Look below for the line with "Repeat for the pedestrian (1328,557,1379,676).". Extract that line and each one after it through the last, word for word.
------ SOURCE MATERIAL
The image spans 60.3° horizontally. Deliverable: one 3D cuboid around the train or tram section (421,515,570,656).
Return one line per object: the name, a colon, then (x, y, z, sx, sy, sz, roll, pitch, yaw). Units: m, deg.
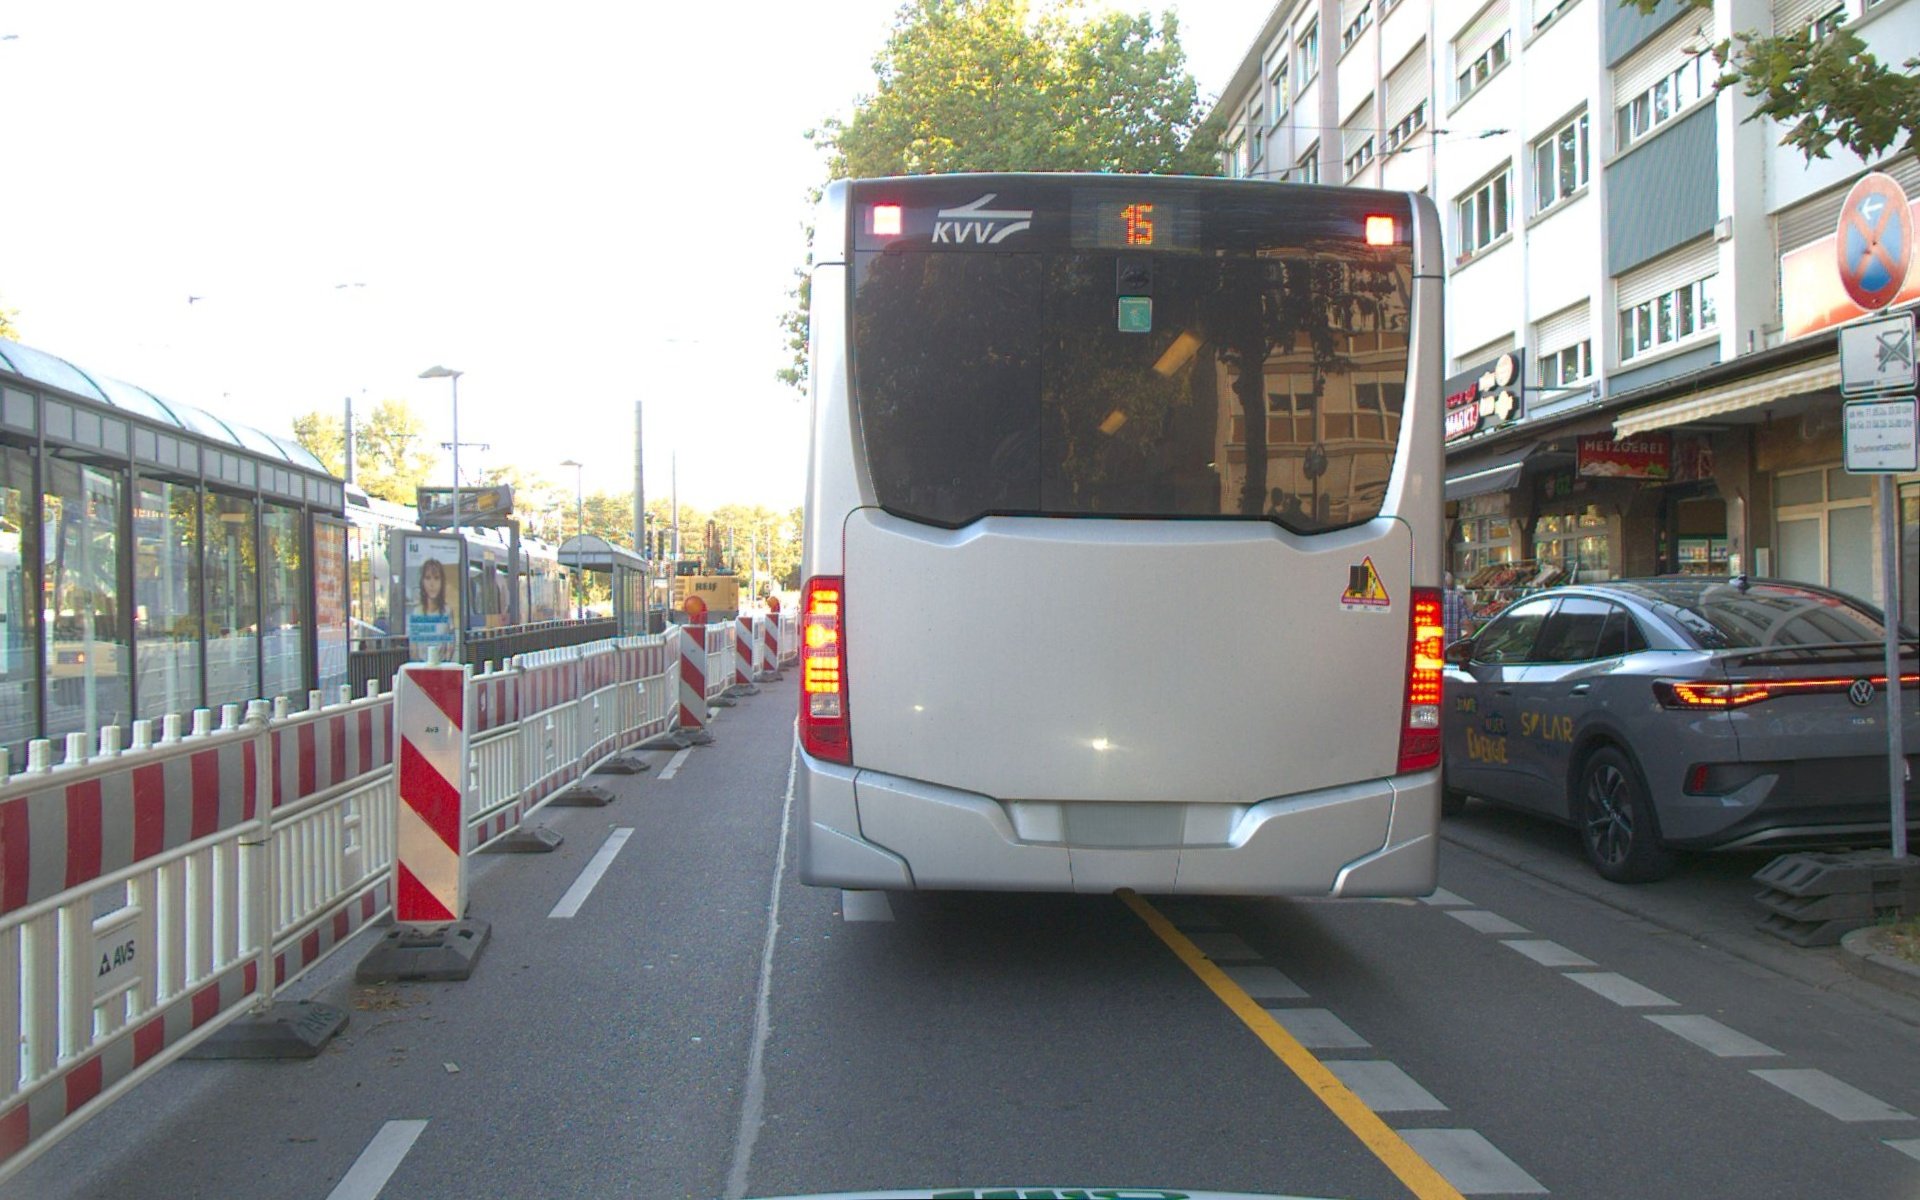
train or tram section: (-13.367, -0.366, 48.530, 2.636, 3.594, 11.559, 1, 0, -8)

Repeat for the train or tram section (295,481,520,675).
train or tram section: (-11.960, -0.392, 37.026, 2.636, 3.621, 11.560, 1, 0, -8)

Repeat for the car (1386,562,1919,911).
car: (4.362, 0.627, 10.200, 1.955, 1.609, 4.363, -3, 1, -5)

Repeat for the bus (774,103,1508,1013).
bus: (0.597, -0.136, 9.882, 2.558, 3.181, 7.991, 1, 0, -1)

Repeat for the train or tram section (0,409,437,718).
train or tram section: (-10.661, -0.407, 25.400, 2.635, 3.595, 11.755, 1, 0, -6)

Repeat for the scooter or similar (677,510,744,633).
scooter or similar: (-9.705, -1.065, 64.619, 2.422, 4.549, 5.962, 0, 0, -8)

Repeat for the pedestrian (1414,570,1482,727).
pedestrian: (5.418, 0.530, 18.379, 0.649, 1.696, 0.601, -2, -1, 15)

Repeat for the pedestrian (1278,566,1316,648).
pedestrian: (7.823, 0.160, 38.420, 0.672, 1.869, 0.785, -1, 0, -4)

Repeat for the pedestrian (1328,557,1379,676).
pedestrian: (6.876, 0.290, 28.932, 0.672, 2.049, 0.786, -1, 0, -1)

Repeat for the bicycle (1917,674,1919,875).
bicycle: (4.368, 0.904, 6.406, 0.541, 1.175, 1.444, -1, 0, 3)
------------
= RESPONSE BELOW =
Repeat for the pedestrian (1328,557,1379,676).
pedestrian: (6.876, 0.290, 28.932, 0.672, 2.049, 0.786, -1, 0, -1)

Repeat for the bicycle (1917,674,1919,875).
bicycle: (4.368, 0.904, 6.406, 0.541, 1.175, 1.444, -1, 0, 3)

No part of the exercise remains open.